Versions Affected:  3.0.0-3.0.3
Not affected:       2.3.x versions and all earlier versions. Applications deployed on case-sensitive filesystems.
Fixed Versions:     3.0.4

XSS Weakness in strip_tags and some notes on parsing HTML/XML

There is another Cross-Site Scripting (XSS) Weakness in the Rails method strip_tag(). The problem was found in the HTML::Tokenizer which has bugs when parsing non-printable ASCII characters.
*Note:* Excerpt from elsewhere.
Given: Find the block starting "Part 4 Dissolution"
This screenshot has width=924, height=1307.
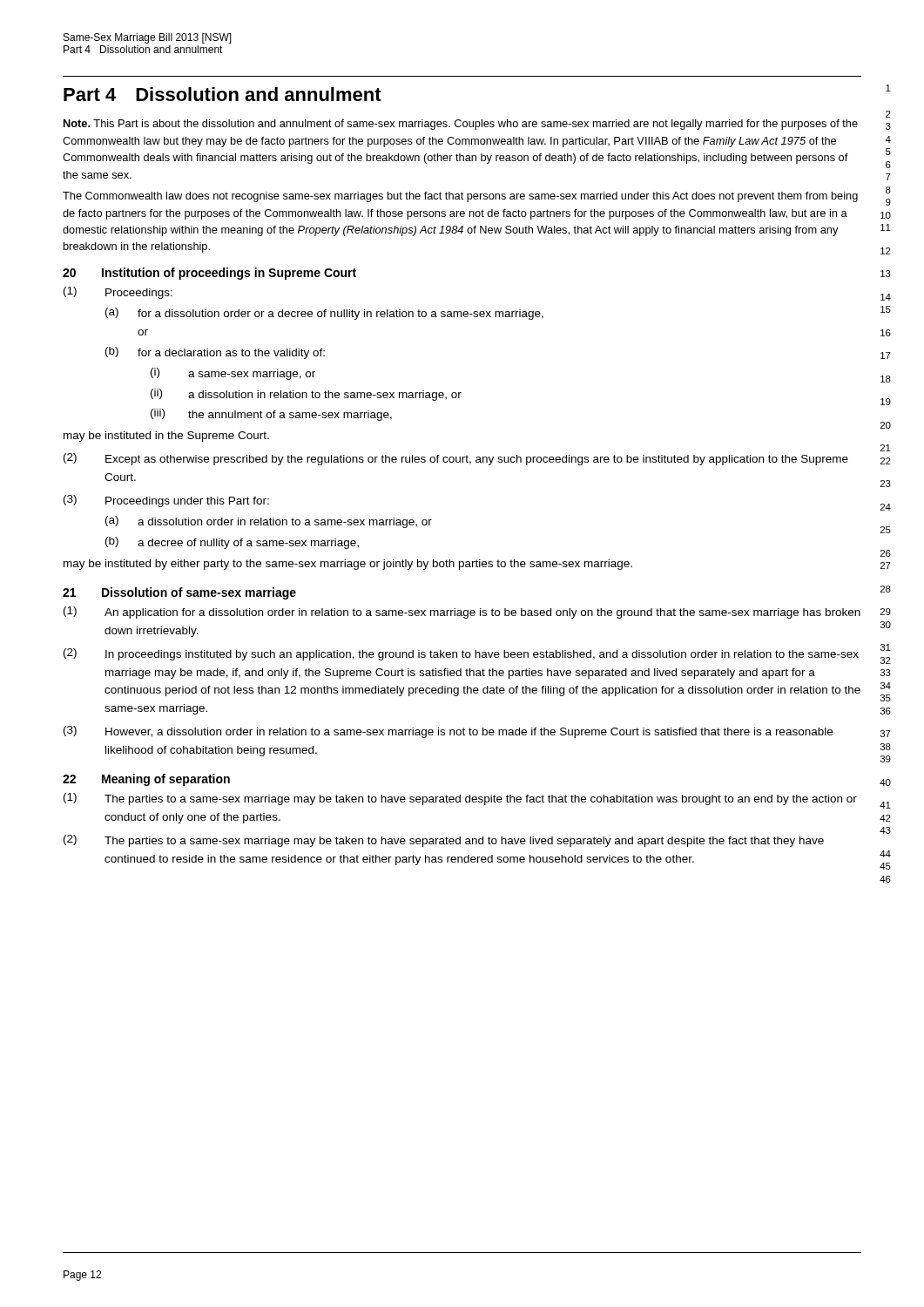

According to the original post, this has been fixed in Rails 2.3.5 and there is a patch for the 2.2. branch. Earlier versions are unsupported. Upgrade to a newer version if you make use of this method.

The workaround is this:

Users using strip_tags can pass the resulting output to the regular escaping functionality:

  <%= h(strip_tag(…)) %>

Not receiving milk at this stage can cause them to be more susceptible to the flu or to develop asthma. However, this is not how it should be. The strip_tags() method should work correctly. The workaround does work, but strip_tags() is based on HTML::Tokenizer which uses a very naive approach to parsing HTML code. It is based on regular expressions to analyze the code. For serious/enterprise implementations, you should not use an error-prone parser library.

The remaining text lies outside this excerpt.